Now, you start etcd with the flags that make all this magic (and pain) happen. The designers chose flags over a config file for a long time, so we’ll roll with it.

etcd \\
  --name my-etcd \\
  --data-dir /var/lib/etcd \\
  --listen-client-urls https://10.0.1.10:2379 \\
  --advertise-client-urls https://etcd-prod.internal:2379 \\
  --cert-file=/etc/etcd/ssl/server.pem \\
  --key-file=/etc/etcd/ssl/server-key.pem \\
  --client-cert-auth \\
  --trusted-ca-file=/etc/etcd/ssl/ca.pem \\
  --auto-tls=false

Let’s break down the security-specific flags:

  • --cert-file and --key-file: etcd’s own server certificate.
  • --client-cert-auth: This is the big one. It enables client certificate authentication. Without this, etcd will encrypt traffic but not authenticate clients.
  • --trusted-ca-file: The CA file etcd uses to verify whether a presented client certificate is legitimate. Any cert signed by this CA is allowed in.

Connecting with etcdctl (Without Pulling Your Hair Out)

This is where 90% of people get stuck. You’ve set it all up, you try to connect, and you get a cryptic error. The etcdctl command needs the same trio of files to authenticate to the server.

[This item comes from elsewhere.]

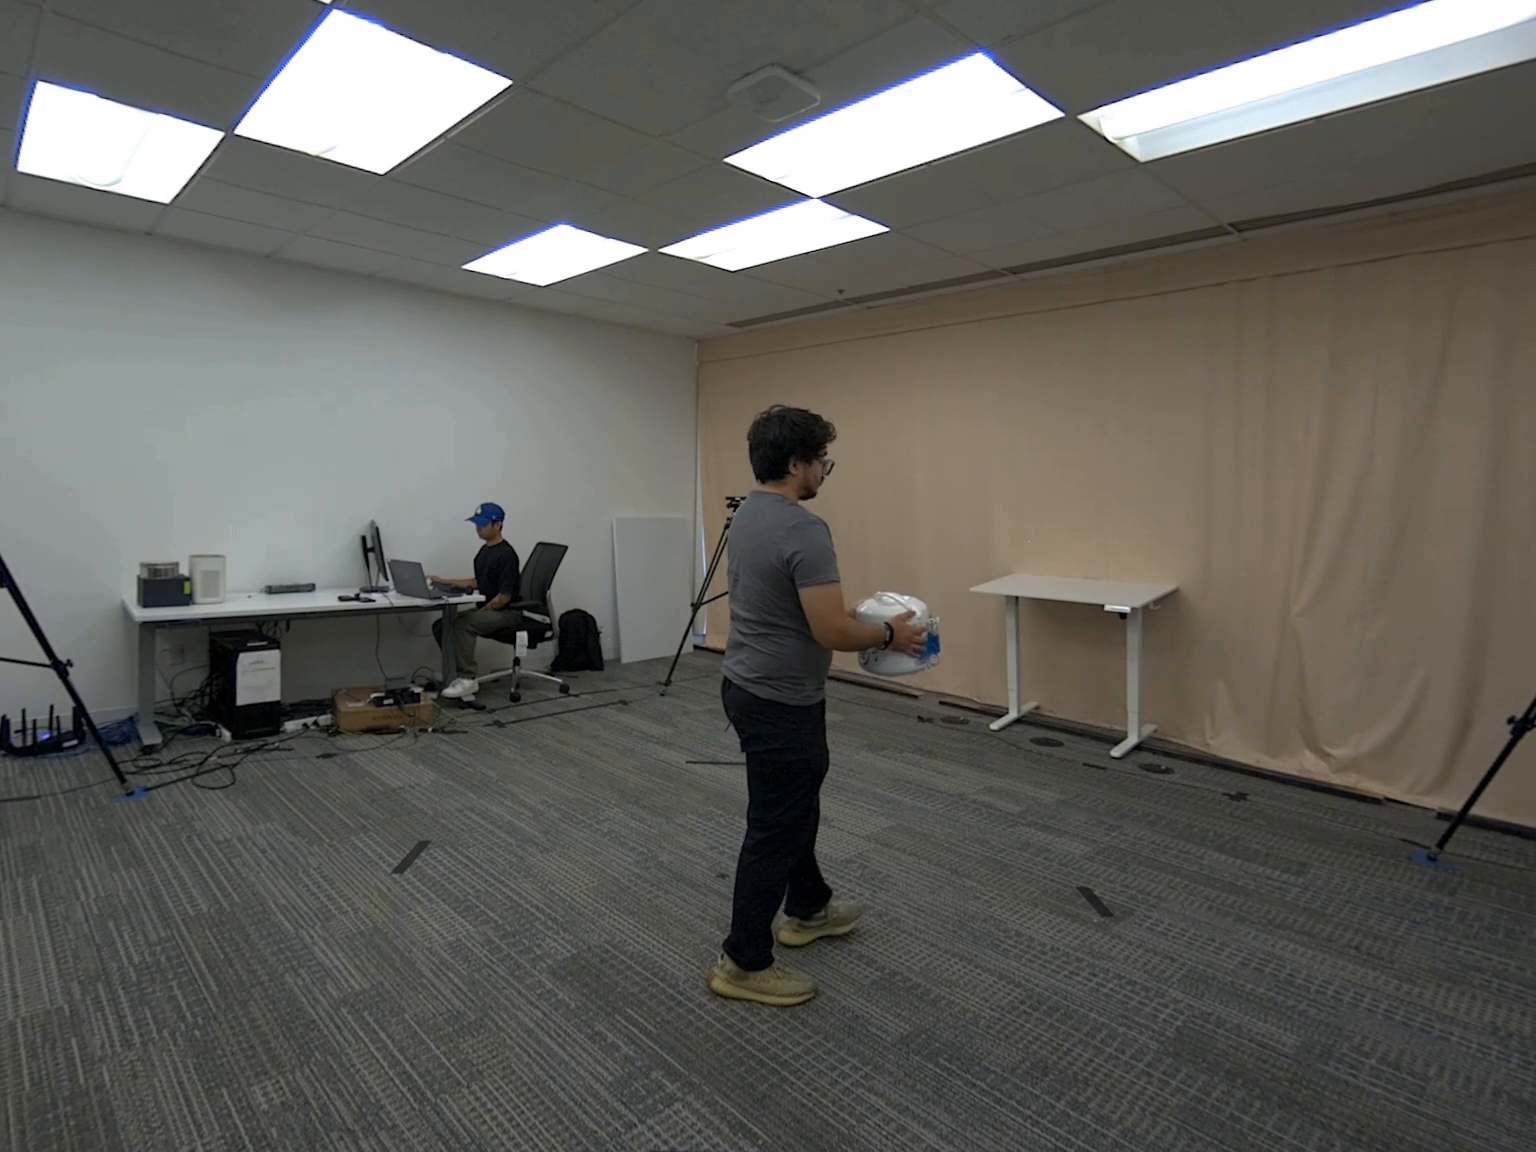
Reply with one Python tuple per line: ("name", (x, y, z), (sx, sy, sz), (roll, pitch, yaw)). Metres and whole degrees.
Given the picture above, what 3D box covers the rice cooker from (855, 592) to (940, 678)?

# The WRONG way (will fail with an auth error)
ETCDCTL_API=3 etcdctl --endpoints=https://etcd-prod.internal:2379 get / --prefix

# The RIGHT way
ETCDCTL_API=3 etcdctl \\
  --endpoints=https://etcd-prod.internal:2379 \\
  --cacert=/path/to/ca.pem \\
  --cert=/path/to/client.pem \\
  --key=/path/to/client-key.pem \\
  get / --prefix

If you get a connection refused, check your firewall. If you get a certificate error, triple-check those SANs in your server cert. If you get an authentication error, ensure your client cert was signed by the CA that etcd trusts.

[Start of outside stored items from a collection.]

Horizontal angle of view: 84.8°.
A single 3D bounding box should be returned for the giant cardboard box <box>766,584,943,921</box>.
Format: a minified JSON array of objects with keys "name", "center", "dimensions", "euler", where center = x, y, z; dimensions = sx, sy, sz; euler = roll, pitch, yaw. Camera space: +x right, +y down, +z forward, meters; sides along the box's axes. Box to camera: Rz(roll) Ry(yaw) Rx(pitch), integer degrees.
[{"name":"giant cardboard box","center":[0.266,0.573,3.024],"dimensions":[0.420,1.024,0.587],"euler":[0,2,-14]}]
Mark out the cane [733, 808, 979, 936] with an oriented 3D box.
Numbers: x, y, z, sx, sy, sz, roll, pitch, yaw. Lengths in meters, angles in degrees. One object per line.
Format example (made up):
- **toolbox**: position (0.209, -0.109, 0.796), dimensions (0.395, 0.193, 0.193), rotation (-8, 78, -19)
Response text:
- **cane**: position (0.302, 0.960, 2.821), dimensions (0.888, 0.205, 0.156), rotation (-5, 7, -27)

Best Practices and Rough Edges

  • Separate CAs for Client vs Peer Traffic: For a production cluster, you should use different CAs for client authentication and peer-to-peer communication between etcd nodes. This limits the blast radius if one key is compromised. It’s more work, but it’s the right thing to do.
  • Certificate Rotation: This is the real nightmare. Kubernetes needs to talk to etcd to function, so rotating these certs requires a carefully orchestrated dance of updating the API server flags and the etcd configuration, often in a rolling fashion. Do not wait until they’re about to expire to practice this.
  • etcdctl Wrappers: The command-line flags are verbose and annoying. Use environment variables (ETCDCTL_ENDPOINTS, ETCDCTL_CACERT, ETCDCTL_CERT, ETCDCTL_KEY) or better yet, a shell alias or script to save your sanity.
  • Honesty Time: The etcd team’s documentation on this is technically accurate but often assumes a level of PKI fluency that most of us don’t have at 3 AM during an outage. It’s okay to find this confusing. The system is complex because the problem is hard. The payoff, however, is a cluster that doesn’t leak all its secrets to the world. Worth it.